Newspaper Notices Used
Brock said she decided against notifying local television stations because she didn’t want to frighten away potential lesbian donors. But details of the drive, scheduled for 11 a.m. on “Save-A-Life-Sunday” (Dec. 30), were contained in a press release sent to both gay and general-interest newspapers.
When word reached her on Friday, Dec. 28, of Spindler’s decision to cancel the drive, Brock said it was too late to contact the 40 women who had pledged to give blood, and another 20 who had said they probably would attend. Instead, she posted a notice on a door at the center.
Brock said her telephone “rang off the hook” that Sunday with calls from irate women protesting the cancellation, and that the center’s telephone hot line was jammed with calls about it. Callers were referred to the Red Cross chapter offices in Santa Ana, but Spindler said only a handful of anonymous calls were received.

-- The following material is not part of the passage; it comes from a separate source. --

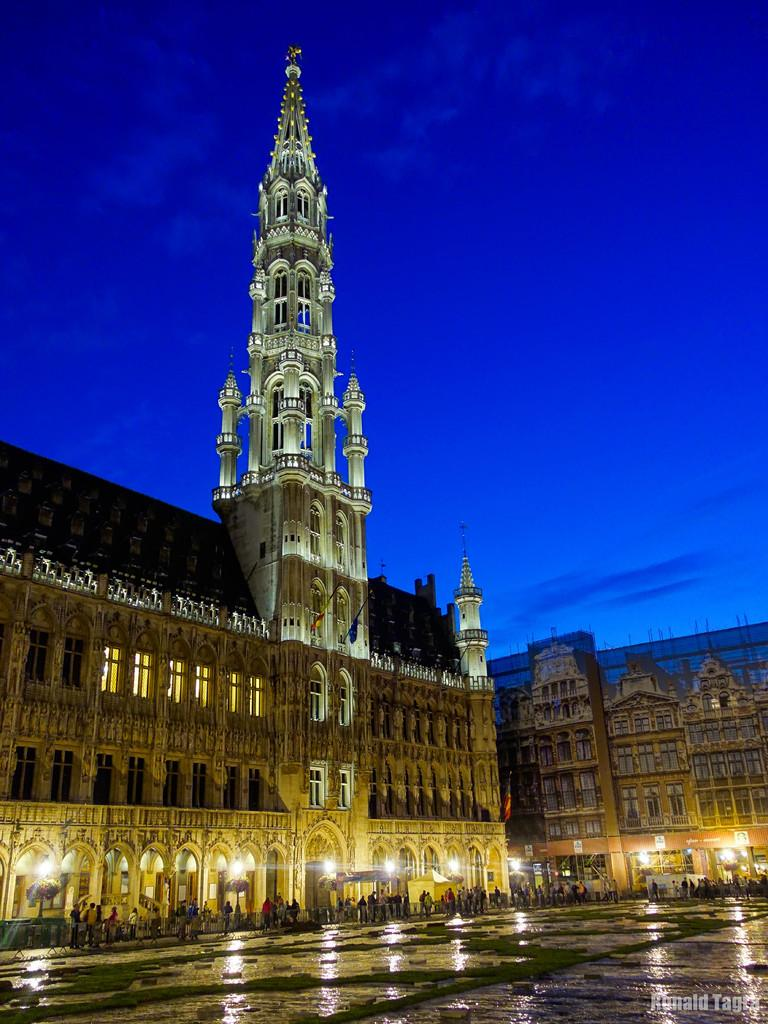What type of structure is present in the image? There is a building in the image. What features can be observed on the building? The building has windows, a roof, and lights. What is happening in the image besides the building? There are people walking on a pathway in the image. What can be seen in the sky in the image? The sky is visible in the image, and it appears cloudy. What type of rake is being used to clear the snow in the image? There is no rake or snow present in the image; it features a building with people walking on a pathway and a cloudy sky.

Spindler said he invited lesbians to come individually or as a group to the Red Cross center to donate blood, but that no one has taken him up on the offer.
Hard Feelings Created
Stuart Smith, chairman of the center’s board of directors, said Tuesday that Spindler’s actions have jeopardized the homosexual community’s working relationship with the Red Cross.
“Both agencies have a lot of crosses to bear,” Smith said. He added that he thought Spindler may just have been trying to be “very cautious” about a potentially inflammatory issue. He said, “It is discrimination, but there are no laws that prevent this kind of thing.”
Spindler responded that “any lesbian woman who does not fit into the high-risk category (for AIDS) is welcome here at the (Red Cross) center.”
“I think the cancellation was unfortunate, but it was done primarily out of concern for the thousands of donors we rely upon to supply us with blood,” he said.